• EXERCISE GOAL
Search the material for "less" and show all lines that contain it.

• LISTED ENTRIES
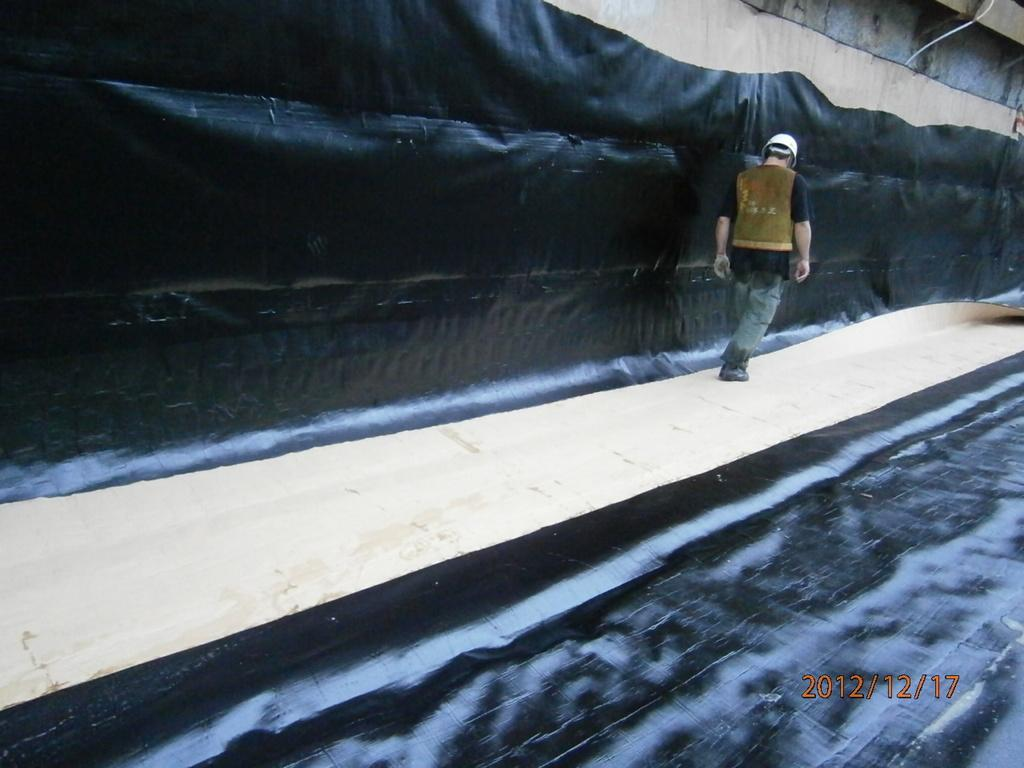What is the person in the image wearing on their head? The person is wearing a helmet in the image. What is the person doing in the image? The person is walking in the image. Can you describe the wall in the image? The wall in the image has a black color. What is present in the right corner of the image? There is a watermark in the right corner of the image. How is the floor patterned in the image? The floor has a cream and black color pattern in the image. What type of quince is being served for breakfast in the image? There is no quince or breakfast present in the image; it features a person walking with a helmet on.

---

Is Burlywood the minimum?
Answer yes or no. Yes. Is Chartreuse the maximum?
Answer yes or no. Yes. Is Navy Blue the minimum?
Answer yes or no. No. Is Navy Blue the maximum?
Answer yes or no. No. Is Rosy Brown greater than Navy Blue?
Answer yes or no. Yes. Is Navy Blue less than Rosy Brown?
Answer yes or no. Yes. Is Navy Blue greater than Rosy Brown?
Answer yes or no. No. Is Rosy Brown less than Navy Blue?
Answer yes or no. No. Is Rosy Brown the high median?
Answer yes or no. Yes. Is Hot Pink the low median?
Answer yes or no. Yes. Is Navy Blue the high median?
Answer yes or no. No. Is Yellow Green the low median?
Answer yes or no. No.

• FINISHED TASK
Answer yes or no. Yes. Is Navy Blue less than Rosy Brown?
Answer yes or no. No. Is Rosy Brown less than Navy Blue?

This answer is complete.